You should steal that first line from “Never Going Back Again.” Elmore Leonard would be jealous of that line, packed and efficient as it is. It’d also make a great last line to a story/chapter/novel. Don’t even look at the rest of the lyrics to the song — the point is to just start with that disconnected image, that situation, not to lift someone else’s story or sequence.

My previous wake-up song, “Not Moving to Portland*,” starts with this:

Start walking me through your basement apartment/Came without an upstairs key

Again: that’s a thing of beauty. I’ve talked before here about drawing inspiration from poetry, and while I don’t think most song lyrics are poetry, I’m pretty sure John Roderick’s are. Here again, we see the song form, which demands concision and compression, resulting in a LOT of situation loaded into 12 words. That’s certainly not always the case, but when it happens, it’s magical.

The first line to my original wake-up song, “Score From Augusta,” is this:

Ah, the room wallpaper, the pages of your letters, which you once said wrestle with the bodies that wash like unchained rivers against your shore 

Me, I’d skip that one. I love the song itself, but that line doesn’t suggest a character or situation. But maybe you see that and it sparks something. That’s why we don’t all listen to one album.

When you find a first line that speaks to you, try to imagine the events surrounding or leading up to that line, or where a scene can go from there. It won’t always work for you, or the song may be through-and-through terrible. Something like “I met a devil woman/She took my heart away” from Bachman Turner Overdrive’s “You Ain’t Seen Nothing Yet,” is not super-evocative. But here’s another one pulled at random from my phone, from the Screaming Females’ “Little Anne”:

I sense your friends across the room, leaning, tall, and deathly ill

Right off the bat, I think of a band I once knew of where two of the guys were unusually tall heroin addicts, a combination which always makes my skin crawl. (Sorry, lanky junkies.) Image-wise, that’s a good sign. The “I sense your friends across the room” part is great, too, because it tells us these people have a quality to them that is almost tactile. And now I’m thinking of people like that, situations like that. The best moments in art, wherever you may find them, are those which are so specific it feels universal. Only Screaming Females’ Marissa Paternoster has written that exact line, yet almost anyone can find connection with it or can imagine it.

Contrast this with “I met a devil woman/She took my heart away.” Sure, we’ve all been heartbroken, but what actual connection can anyone find with a lyric that generic? It evokes no picture, no situation. (Also, really? She did all that while you were perfect and lovable and blameless? Or is anyone who doesn’t love you a devil woman, Randy Bachman?) Lyrics like this are why rock songwriting gets a bad rap.

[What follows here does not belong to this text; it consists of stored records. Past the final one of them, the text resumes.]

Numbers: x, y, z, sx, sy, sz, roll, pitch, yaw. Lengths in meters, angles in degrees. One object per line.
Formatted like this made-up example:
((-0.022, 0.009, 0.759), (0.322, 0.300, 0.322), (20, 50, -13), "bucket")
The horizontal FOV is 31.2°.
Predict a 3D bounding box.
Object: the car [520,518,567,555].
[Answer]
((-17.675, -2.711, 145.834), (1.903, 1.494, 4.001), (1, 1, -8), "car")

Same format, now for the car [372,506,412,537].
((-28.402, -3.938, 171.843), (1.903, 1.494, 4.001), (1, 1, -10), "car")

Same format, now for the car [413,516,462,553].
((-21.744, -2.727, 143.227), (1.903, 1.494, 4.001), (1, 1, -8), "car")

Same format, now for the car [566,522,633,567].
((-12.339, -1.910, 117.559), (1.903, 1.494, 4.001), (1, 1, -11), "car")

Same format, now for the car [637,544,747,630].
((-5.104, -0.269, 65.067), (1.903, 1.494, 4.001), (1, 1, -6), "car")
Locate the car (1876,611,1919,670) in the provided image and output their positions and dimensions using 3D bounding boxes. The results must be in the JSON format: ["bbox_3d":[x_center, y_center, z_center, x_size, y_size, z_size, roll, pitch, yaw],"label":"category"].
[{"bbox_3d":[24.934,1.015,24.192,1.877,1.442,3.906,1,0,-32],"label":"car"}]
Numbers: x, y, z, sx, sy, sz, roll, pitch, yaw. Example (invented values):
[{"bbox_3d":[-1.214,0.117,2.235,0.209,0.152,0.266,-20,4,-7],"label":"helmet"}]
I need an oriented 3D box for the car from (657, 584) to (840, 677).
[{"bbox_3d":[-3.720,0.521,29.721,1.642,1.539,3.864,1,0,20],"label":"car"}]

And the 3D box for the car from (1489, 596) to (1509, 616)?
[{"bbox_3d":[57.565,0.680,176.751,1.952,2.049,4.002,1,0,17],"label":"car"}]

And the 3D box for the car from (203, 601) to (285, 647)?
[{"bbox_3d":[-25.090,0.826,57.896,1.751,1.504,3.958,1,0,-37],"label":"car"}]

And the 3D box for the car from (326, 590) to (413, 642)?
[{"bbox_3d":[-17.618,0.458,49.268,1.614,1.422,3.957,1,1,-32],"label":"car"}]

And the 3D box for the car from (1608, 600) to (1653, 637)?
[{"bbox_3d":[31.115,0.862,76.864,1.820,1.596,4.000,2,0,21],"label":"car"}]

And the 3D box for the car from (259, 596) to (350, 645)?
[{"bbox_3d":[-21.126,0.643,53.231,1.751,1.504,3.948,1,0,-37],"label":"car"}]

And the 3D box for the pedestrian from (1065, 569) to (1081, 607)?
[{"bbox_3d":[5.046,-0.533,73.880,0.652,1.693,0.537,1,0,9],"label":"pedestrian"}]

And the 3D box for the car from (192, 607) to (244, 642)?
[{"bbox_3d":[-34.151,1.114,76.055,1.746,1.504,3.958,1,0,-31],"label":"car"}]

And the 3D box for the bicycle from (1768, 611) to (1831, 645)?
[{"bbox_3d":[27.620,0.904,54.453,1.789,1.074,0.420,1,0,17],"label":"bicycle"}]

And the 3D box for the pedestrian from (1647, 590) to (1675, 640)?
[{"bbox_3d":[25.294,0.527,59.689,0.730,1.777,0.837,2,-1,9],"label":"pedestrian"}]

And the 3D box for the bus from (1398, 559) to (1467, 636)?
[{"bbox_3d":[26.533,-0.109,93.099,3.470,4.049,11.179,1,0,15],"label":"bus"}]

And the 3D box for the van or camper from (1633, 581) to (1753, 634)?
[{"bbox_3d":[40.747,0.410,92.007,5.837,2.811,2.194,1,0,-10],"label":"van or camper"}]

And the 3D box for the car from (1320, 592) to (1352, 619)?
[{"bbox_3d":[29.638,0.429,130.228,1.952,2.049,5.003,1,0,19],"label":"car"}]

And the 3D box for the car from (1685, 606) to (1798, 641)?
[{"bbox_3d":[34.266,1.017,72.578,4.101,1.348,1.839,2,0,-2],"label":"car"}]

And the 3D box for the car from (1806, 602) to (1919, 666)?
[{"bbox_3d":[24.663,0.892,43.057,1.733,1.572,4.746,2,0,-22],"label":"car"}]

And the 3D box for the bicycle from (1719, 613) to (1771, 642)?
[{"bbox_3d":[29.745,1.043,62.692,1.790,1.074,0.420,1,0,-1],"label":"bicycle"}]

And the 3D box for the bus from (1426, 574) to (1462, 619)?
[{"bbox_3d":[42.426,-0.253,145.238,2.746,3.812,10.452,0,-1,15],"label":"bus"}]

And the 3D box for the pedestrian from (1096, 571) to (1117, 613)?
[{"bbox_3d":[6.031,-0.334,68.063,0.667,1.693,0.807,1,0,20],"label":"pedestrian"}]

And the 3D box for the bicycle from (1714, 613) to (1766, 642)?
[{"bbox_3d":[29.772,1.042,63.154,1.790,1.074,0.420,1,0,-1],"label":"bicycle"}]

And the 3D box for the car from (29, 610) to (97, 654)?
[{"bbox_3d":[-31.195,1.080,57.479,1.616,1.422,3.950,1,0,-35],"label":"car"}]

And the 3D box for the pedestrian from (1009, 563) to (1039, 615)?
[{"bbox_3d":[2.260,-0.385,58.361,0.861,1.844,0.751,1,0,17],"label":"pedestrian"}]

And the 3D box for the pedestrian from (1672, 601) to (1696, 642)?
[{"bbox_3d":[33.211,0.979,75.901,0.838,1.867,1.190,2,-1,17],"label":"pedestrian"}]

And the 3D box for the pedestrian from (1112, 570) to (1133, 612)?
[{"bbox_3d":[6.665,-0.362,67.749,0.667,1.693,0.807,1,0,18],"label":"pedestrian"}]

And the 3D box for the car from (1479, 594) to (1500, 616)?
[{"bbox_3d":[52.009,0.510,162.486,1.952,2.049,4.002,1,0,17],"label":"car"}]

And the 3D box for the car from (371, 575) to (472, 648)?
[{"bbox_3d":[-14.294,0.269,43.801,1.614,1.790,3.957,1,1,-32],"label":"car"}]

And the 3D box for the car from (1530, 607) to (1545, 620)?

Which highlights something I think is true about all art: When you use cliche or generalities in order to appeal to as many people as possible, you forfeit the possibility for connection. Yeah, you may get stadiums full of people chanting along with your dumb song, but they’ll never, ever think about your song after it’s over. And BTO may have piles of publishing royalties coming in forever (I like to imagine Randy Bachman flinging loonies and toonies to the side as he struts through his local Robin’s), but guys: Screaming Females are mentioned in a writing blog. Who won here today?

To be clear: “Little Anne” doesn’t make its magic by feeling all cool and subcultural while “You Ain’t Seen Nothing Yet” is somehow populist and square. It’s that Marissa Paternoster chose better words for that first line, none of which are any more complicated or dark on their own than the ones in Bachman’s. Meanwhile, that first line of “Never Going Back Again” is seven one-syllable words.

Let’s recap:

  • Steal a line
  • Make something new of it
  • At which point you are free to tell people (or not) where you got the idea
  • Just don’t use the original line in your published/produced work
  • Or this may happen.

 

*Note: I did end up syncing my phone with my computer, and now this song and many others that weren’t in my cloud are now safely back on my phone. I know it’s been gnawing at you the whole post.